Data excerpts
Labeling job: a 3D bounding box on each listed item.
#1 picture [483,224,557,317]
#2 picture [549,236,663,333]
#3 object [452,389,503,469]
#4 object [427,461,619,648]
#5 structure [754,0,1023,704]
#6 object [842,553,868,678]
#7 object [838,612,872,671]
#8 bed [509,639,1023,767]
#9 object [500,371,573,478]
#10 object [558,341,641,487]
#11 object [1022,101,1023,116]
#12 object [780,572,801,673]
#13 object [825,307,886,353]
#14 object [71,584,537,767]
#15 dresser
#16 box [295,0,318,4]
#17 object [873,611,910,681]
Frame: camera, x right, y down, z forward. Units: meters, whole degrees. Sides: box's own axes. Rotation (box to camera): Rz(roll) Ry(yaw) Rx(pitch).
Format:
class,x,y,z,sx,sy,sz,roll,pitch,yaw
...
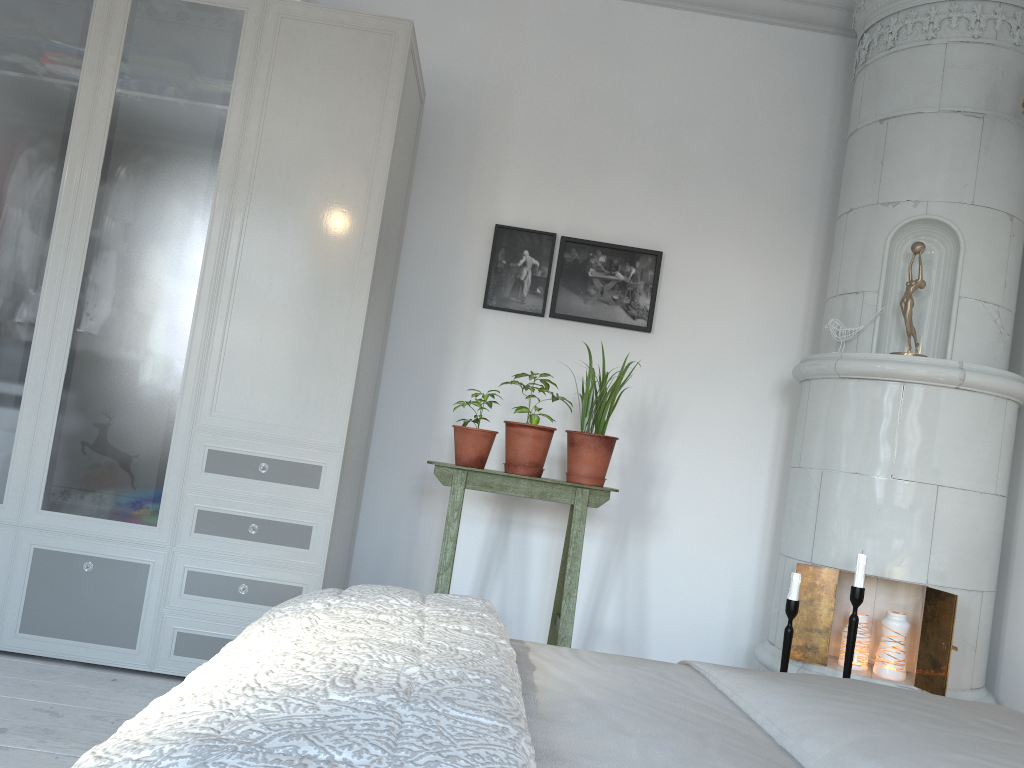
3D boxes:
class,x,y,z,sx,sy,sz,roll,pitch,yaw
picture,0.031,-0.456,3.570,0.250,0.341,0.022,9,-3,-1
picture,0.378,-0.401,3.573,0.415,0.329,0.037,9,-3,-1
object,-0.137,0.150,3.080,0.195,0.277,0.176,11,-4,-34
object,-0.020,0.698,3.064,0.671,0.774,0.431,9,-3,-1
structure,1.266,-0.071,3.002,0.800,2.833,1.250,6,-4,44
object,0.985,0.846,2.606,0.091,0.718,0.091,8,-3,8
object,1.134,0.848,2.925,0.093,0.179,0.093,8,-3,3
bed,0.649,0.502,0.830,2.176,1.045,1.890,9,-4,-1
object,0.071,0.133,3.069,0.258,0.369,0.235,8,-3,11
object,0.286,0.101,3.071,0.300,0.498,0.333,10,-3,-18
object,1.683,-0.981,2.801,0.105,0.505,0.117,10,-3,-28
object,0.835,0.881,2.725,0.091,0.621,0.091,10,-3,-23
object,1.154,-0.180,3.002,0.196,0.165,0.059,5,-5,44
object,-0.180,0.338,0.821,0.405,0.104,1.461,9,-4,-1
dresser,-1.197,-0.196,3.082,1.432,2.161,0.631,9,-3,-1
box,-0.799,-1.307,3.125,0.182,0.158,0.227,8,-4,4
object,1.228,0.842,2.858,0.098,0.209,0.098,9,-3,-3
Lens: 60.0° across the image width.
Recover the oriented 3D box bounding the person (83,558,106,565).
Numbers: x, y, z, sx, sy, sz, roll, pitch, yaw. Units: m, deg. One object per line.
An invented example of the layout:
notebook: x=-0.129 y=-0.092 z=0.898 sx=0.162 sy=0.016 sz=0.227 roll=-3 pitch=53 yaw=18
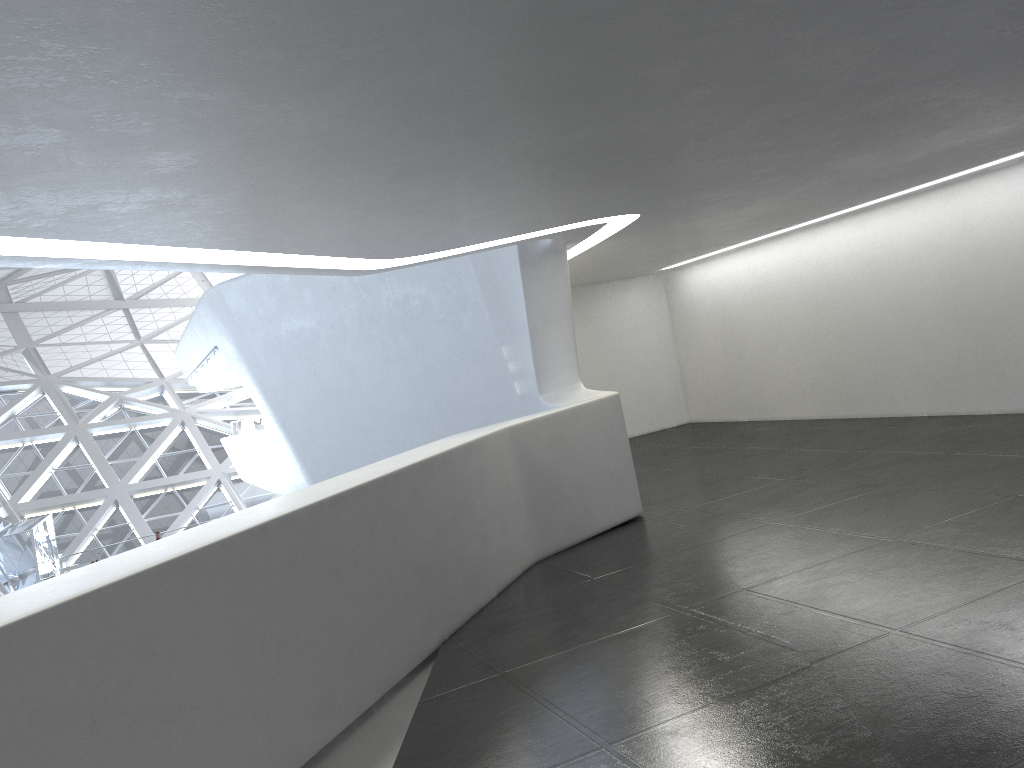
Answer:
person: x=-15.015 y=7.225 z=31.929 sx=0.827 sy=1.733 sz=0.001 roll=-12 pitch=1 yaw=-2

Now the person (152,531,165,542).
person: x=-15.108 y=7.125 z=37.891 sx=0.710 sy=1.613 sz=0.001 roll=-11 pitch=1 yaw=3
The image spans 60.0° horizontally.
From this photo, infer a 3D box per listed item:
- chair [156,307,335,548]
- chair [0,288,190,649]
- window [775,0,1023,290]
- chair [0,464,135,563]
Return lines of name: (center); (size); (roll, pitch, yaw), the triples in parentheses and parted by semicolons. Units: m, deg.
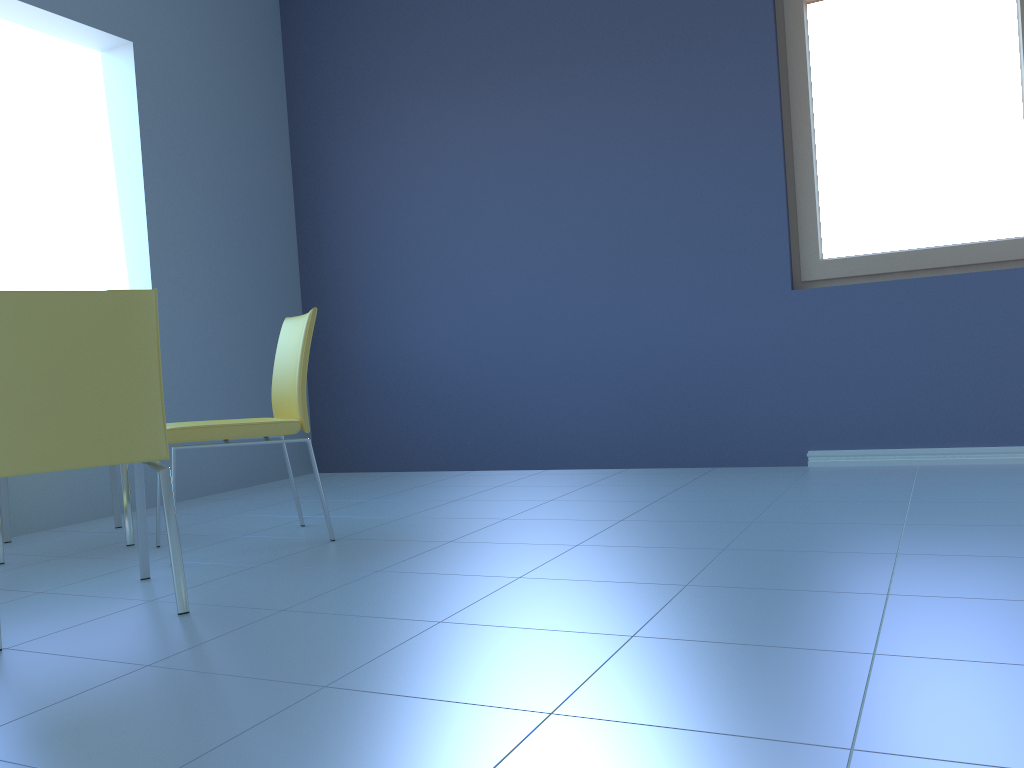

• **What to work on**:
Copy the data above line for line, skipping every picture.

• **Response below**:
Labeling job: a 3D bounding box on each listed item.
#1 picture [483,224,557,317]
#2 picture [549,236,663,333]
#3 object [452,389,503,469]
#4 object [427,461,619,648]
#5 structure [754,0,1023,704]
#6 object [842,553,868,678]
#7 object [838,612,872,671]
#8 bed [509,639,1023,767]
#9 object [500,371,573,478]
#10 object [558,341,641,487]
#11 object [1022,101,1023,116]
#12 object [780,572,801,673]
#13 object [825,307,886,353]
#14 object [71,584,537,767]
#15 dresser
#16 box [295,0,318,4]
#17 object [873,611,910,681]
Frame: camera, x right, y down, z forward. Units: meters, whole degrees. Sides: box's own axes. Rotation (box to camera): Rz(roll) Ry(yaw) Rx(pitch).
Format:
class,x,y,z,sx,sy,sz,roll,pitch,yaw
...
3D boxes:
class,x,y,z,sx,sy,sz,roll,pitch,yaw
picture,0.031,-0.456,3.570,0.250,0.341,0.022,9,-3,-1
picture,0.378,-0.401,3.573,0.415,0.329,0.037,9,-3,-1
object,-0.137,0.150,3.080,0.195,0.277,0.176,11,-4,-34
object,-0.020,0.698,3.064,0.671,0.774,0.431,9,-3,-1
structure,1.266,-0.071,3.002,0.800,2.833,1.250,6,-4,44
object,0.985,0.846,2.606,0.091,0.718,0.091,8,-3,8
object,1.134,0.848,2.925,0.093,0.179,0.093,8,-3,3
bed,0.649,0.502,0.830,2.176,1.045,1.890,9,-4,-1
object,0.071,0.133,3.069,0.258,0.369,0.235,8,-3,11
object,0.286,0.101,3.071,0.300,0.498,0.333,10,-3,-18
object,1.683,-0.981,2.801,0.105,0.505,0.117,10,-3,-28
object,0.835,0.881,2.725,0.091,0.621,0.091,10,-3,-23
object,1.154,-0.180,3.002,0.196,0.165,0.059,5,-5,44
object,-0.180,0.338,0.821,0.405,0.104,1.461,9,-4,-1
dresser,-1.197,-0.196,3.082,1.432,2.161,0.631,9,-3,-1
box,-0.799,-1.307,3.125,0.182,0.158,0.227,8,-4,4
object,1.228,0.842,2.858,0.098,0.209,0.098,9,-3,-3
Lens: 60.0° across the image width.
Recover the oriented 3D box bounding the person (83,558,106,565).
Numbers: x, y, z, sx, sy, sz, roll, pitch, yaw. Units: m, deg. One object per line.
An invented example of the layout:
notebook: x=-0.129 y=-0.092 z=0.898 sx=0.162 sy=0.016 sz=0.227 roll=-3 pitch=53 yaw=18
Answer:
person: x=-15.015 y=7.225 z=31.929 sx=0.827 sy=1.733 sz=0.001 roll=-12 pitch=1 yaw=-2

Now the person (152,531,165,542).
person: x=-15.108 y=7.125 z=37.891 sx=0.710 sy=1.613 sz=0.001 roll=-11 pitch=1 yaw=3
The image spans 60.0° horizontally.
From this photo, infer a 3D box per listed item:
- chair [156,307,335,548]
- chair [0,288,190,649]
- window [775,0,1023,290]
- chair [0,464,135,563]
Return lines of name: (center); (size); (roll, pitch, yaw), the triples in parentheses and parted by semicolons. Units: m, deg.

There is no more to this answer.